EXERCISE
Return all of the records exactly.
╔══
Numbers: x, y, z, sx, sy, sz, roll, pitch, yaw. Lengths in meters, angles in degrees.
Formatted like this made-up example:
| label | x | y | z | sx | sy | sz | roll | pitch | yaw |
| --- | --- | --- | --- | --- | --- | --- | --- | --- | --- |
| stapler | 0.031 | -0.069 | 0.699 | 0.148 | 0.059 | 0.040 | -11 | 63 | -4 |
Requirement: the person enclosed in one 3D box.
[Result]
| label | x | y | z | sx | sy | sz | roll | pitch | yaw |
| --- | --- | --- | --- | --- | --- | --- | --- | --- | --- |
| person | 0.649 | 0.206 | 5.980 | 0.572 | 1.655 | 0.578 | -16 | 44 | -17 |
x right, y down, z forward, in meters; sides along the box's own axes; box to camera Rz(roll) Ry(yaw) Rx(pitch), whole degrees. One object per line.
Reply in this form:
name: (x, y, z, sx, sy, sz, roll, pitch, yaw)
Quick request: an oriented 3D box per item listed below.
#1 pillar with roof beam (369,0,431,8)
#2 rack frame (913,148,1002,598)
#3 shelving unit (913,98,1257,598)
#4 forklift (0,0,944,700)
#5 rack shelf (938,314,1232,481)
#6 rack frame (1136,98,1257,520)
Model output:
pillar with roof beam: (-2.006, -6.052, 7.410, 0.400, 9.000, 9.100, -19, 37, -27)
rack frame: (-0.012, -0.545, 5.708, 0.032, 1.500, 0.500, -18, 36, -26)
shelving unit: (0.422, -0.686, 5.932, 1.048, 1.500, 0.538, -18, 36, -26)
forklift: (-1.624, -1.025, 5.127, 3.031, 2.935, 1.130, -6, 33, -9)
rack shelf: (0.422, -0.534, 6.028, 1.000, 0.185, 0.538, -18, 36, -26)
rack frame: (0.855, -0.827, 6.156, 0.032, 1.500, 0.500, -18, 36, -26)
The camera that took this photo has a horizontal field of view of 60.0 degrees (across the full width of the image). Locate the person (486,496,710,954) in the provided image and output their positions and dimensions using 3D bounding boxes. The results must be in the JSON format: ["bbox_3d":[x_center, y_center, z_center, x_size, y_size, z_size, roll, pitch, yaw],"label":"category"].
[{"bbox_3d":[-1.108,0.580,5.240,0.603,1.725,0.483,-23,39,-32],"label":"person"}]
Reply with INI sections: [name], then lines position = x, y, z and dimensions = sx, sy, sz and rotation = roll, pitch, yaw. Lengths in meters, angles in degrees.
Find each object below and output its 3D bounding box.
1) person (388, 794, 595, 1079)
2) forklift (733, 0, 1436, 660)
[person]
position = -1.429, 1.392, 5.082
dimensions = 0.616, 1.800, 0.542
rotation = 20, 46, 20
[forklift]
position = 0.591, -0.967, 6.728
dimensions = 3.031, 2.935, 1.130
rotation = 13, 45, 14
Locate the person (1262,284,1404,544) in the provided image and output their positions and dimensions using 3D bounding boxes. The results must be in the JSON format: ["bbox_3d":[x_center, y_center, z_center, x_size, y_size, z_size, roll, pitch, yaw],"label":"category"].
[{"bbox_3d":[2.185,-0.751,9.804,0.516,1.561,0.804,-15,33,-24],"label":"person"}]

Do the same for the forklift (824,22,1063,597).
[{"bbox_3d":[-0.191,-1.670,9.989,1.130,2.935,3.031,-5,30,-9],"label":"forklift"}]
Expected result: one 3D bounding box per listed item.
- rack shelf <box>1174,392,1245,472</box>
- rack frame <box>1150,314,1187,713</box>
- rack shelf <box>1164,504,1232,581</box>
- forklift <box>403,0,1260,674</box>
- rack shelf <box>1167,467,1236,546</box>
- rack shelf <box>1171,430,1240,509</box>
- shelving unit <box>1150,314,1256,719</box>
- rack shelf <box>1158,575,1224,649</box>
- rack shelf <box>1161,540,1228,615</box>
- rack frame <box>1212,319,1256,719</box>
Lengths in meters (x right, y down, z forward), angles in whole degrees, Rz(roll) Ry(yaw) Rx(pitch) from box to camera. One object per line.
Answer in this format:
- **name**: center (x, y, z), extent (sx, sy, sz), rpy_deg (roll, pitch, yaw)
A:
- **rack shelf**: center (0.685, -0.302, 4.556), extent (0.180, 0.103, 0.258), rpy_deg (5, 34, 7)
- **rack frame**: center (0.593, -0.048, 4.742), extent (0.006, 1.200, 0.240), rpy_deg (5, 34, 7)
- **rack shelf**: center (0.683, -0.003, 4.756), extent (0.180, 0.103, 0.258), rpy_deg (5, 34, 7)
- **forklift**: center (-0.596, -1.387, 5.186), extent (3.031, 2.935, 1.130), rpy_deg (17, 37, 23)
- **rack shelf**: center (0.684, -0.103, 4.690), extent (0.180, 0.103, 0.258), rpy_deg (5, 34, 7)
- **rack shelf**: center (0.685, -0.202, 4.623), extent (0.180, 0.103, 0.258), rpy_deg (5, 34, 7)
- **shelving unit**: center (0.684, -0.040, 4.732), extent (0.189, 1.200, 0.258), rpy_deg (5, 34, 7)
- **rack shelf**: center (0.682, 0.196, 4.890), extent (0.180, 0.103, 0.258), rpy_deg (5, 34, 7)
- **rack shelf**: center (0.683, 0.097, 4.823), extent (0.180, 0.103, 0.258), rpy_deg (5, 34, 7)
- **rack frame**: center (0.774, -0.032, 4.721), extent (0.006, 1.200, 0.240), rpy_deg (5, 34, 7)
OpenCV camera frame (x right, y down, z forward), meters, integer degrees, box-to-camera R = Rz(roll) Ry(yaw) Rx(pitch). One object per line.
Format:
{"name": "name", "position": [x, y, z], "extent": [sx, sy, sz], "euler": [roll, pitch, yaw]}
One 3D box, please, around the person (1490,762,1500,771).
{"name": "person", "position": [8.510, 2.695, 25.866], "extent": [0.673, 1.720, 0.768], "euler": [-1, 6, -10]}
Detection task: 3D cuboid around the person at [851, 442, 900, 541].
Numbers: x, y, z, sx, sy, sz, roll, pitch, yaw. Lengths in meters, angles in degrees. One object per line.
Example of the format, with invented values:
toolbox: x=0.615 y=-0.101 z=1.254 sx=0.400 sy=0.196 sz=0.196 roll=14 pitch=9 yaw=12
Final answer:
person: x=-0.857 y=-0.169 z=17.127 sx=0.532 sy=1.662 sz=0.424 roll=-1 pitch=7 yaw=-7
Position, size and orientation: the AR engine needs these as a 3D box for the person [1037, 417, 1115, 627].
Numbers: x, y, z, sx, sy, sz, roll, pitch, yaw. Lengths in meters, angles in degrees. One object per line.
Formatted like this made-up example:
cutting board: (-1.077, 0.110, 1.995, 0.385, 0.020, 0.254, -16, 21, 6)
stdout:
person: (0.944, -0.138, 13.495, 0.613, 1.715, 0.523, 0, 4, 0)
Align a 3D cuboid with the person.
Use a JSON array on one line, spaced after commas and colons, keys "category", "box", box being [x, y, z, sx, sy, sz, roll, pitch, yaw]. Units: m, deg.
╚══
THE COMPLETED TASK
Numbers: x, y, z, sx, sy, sz, roll, pitch, yaw. Lengths in meters, angles in degrees.
Formatted like this made-up example:
| label | x | y | z | sx | sy | sz | roll | pitch | yaw |
| --- | --- | --- | --- | --- | --- | --- | --- | --- | --- |
| stapler | 0.031 | -0.069 | 0.699 | 0.148 | 0.059 | 0.040 | -11 | 63 | -4 |
Requirement: the person enclosed in one 3D box.
[Result]
| label | x | y | z | sx | sy | sz | roll | pitch | yaw |
| --- | --- | --- | --- | --- | --- | --- | --- | --- | --- |
| person | 0.649 | 0.206 | 5.980 | 0.572 | 1.655 | 0.578 | -16 | 44 | -17 |
x right, y down, z forward, in meters; sides along the box's own axes; box to camera Rz(roll) Ry(yaw) Rx(pitch), whole degrees. One object per line.
Reply in this form:
name: (x, y, z, sx, sy, sz, roll, pitch, yaw)
Quick request: an oriented 3D box per item listed below.
#1 pillar with roof beam (369,0,431,8)
#2 rack frame (913,148,1002,598)
#3 shelving unit (913,98,1257,598)
#4 forklift (0,0,944,700)
#5 rack shelf (938,314,1232,481)
#6 rack frame (1136,98,1257,520)
Model output:
pillar with roof beam: (-2.006, -6.052, 7.410, 0.400, 9.000, 9.100, -19, 37, -27)
rack frame: (-0.012, -0.545, 5.708, 0.032, 1.500, 0.500, -18, 36, -26)
shelving unit: (0.422, -0.686, 5.932, 1.048, 1.500, 0.538, -18, 36, -26)
forklift: (-1.624, -1.025, 5.127, 3.031, 2.935, 1.130, -6, 33, -9)
rack shelf: (0.422, -0.534, 6.028, 1.000, 0.185, 0.538, -18, 36, -26)
rack frame: (0.855, -0.827, 6.156, 0.032, 1.500, 0.500, -18, 36, -26)
The camera that took this photo has a horizontal field of view of 60.0 degrees (across the full width of the image). Locate the person (486,496,710,954) in the provided image and output their positions and dimensions using 3D bounding boxes. The results must be in the JSON format: ["bbox_3d":[x_center, y_center, z_center, x_size, y_size, z_size, roll, pitch, yaw],"label":"category"].
[{"bbox_3d":[-1.108,0.580,5.240,0.603,1.725,0.483,-23,39,-32],"label":"person"}]
Reply with INI sections: [name], then lines position = x, y, z and dimensions = sx, sy, sz and rotation = roll, pitch, yaw. Lengths in meters, angles in degrees.
Find each object below and output its 3D bounding box.
1) person (388, 794, 595, 1079)
2) forklift (733, 0, 1436, 660)
[person]
position = -1.429, 1.392, 5.082
dimensions = 0.616, 1.800, 0.542
rotation = 20, 46, 20
[forklift]
position = 0.591, -0.967, 6.728
dimensions = 3.031, 2.935, 1.130
rotation = 13, 45, 14
Locate the person (1262,284,1404,544) in the provided image and output their positions and dimensions using 3D bounding boxes. The results must be in the JSON format: ["bbox_3d":[x_center, y_center, z_center, x_size, y_size, z_size, roll, pitch, yaw],"label":"category"].
[{"bbox_3d":[2.185,-0.751,9.804,0.516,1.561,0.804,-15,33,-24],"label":"person"}]

Do the same for the forklift (824,22,1063,597).
[{"bbox_3d":[-0.191,-1.670,9.989,1.130,2.935,3.031,-5,30,-9],"label":"forklift"}]
Expected result: one 3D bounding box per listed item.
- rack shelf <box>1174,392,1245,472</box>
- rack frame <box>1150,314,1187,713</box>
- rack shelf <box>1164,504,1232,581</box>
- forklift <box>403,0,1260,674</box>
- rack shelf <box>1167,467,1236,546</box>
- rack shelf <box>1171,430,1240,509</box>
- shelving unit <box>1150,314,1256,719</box>
- rack shelf <box>1158,575,1224,649</box>
- rack shelf <box>1161,540,1228,615</box>
- rack frame <box>1212,319,1256,719</box>
Lengths in meters (x right, y down, z forward), angles in whole degrees, Rz(roll) Ry(yaw) Rx(pitch) from box to camera. One object per line.
Answer in this format:
- **name**: center (x, y, z), extent (sx, sy, sz), rpy_deg (roll, pitch, yaw)
A:
- **rack shelf**: center (0.685, -0.302, 4.556), extent (0.180, 0.103, 0.258), rpy_deg (5, 34, 7)
- **rack frame**: center (0.593, -0.048, 4.742), extent (0.006, 1.200, 0.240), rpy_deg (5, 34, 7)
- **rack shelf**: center (0.683, -0.003, 4.756), extent (0.180, 0.103, 0.258), rpy_deg (5, 34, 7)
- **forklift**: center (-0.596, -1.387, 5.186), extent (3.031, 2.935, 1.130), rpy_deg (17, 37, 23)
- **rack shelf**: center (0.684, -0.103, 4.690), extent (0.180, 0.103, 0.258), rpy_deg (5, 34, 7)
- **rack shelf**: center (0.685, -0.202, 4.623), extent (0.180, 0.103, 0.258), rpy_deg (5, 34, 7)
- **shelving unit**: center (0.684, -0.040, 4.732), extent (0.189, 1.200, 0.258), rpy_deg (5, 34, 7)
- **rack shelf**: center (0.682, 0.196, 4.890), extent (0.180, 0.103, 0.258), rpy_deg (5, 34, 7)
- **rack shelf**: center (0.683, 0.097, 4.823), extent (0.180, 0.103, 0.258), rpy_deg (5, 34, 7)
- **rack frame**: center (0.774, -0.032, 4.721), extent (0.006, 1.200, 0.240), rpy_deg (5, 34, 7)
OpenCV camera frame (x right, y down, z forward), meters, integer degrees, box-to-camera R = Rz(roll) Ry(yaw) Rx(pitch). One object per line.
Format:
{"name": "name", "position": [x, y, z], "extent": [sx, sy, sz], "euler": [roll, pitch, yaw]}
One 3D box, please, around the person (1490,762,1500,771).
{"name": "person", "position": [8.510, 2.695, 25.866], "extent": [0.673, 1.720, 0.768], "euler": [-1, 6, -10]}
Detection task: 3D cuboid around the person at [851, 442, 900, 541].
Numbers: x, y, z, sx, sy, sz, roll, pitch, yaw. Lengths in meters, angles in degrees. One object per line.
Example of the format, with invented values:
toolbox: x=0.615 y=-0.101 z=1.254 sx=0.400 sy=0.196 sz=0.196 roll=14 pitch=9 yaw=12
Final answer:
person: x=-0.857 y=-0.169 z=17.127 sx=0.532 sy=1.662 sz=0.424 roll=-1 pitch=7 yaw=-7
Position, size and orientation: the AR engine needs these as a 3D box for the person [1037, 417, 1115, 627].
Numbers: x, y, z, sx, sy, sz, roll, pitch, yaw. Lengths in meters, angles in degrees. One object per line.
Formatted like this made-up example:
cutting board: (-1.077, 0.110, 1.995, 0.385, 0.020, 0.254, -16, 21, 6)
stdout:
person: (0.944, -0.138, 13.495, 0.613, 1.715, 0.523, 0, 4, 0)
Align a 3D cuboid with the person.
Use a JSON array on one line, spaced after commas and colons, keys "category", "box", box being [x, y, z, sx, sy, sz, roll, pitch, yaw]. Units: m, deg.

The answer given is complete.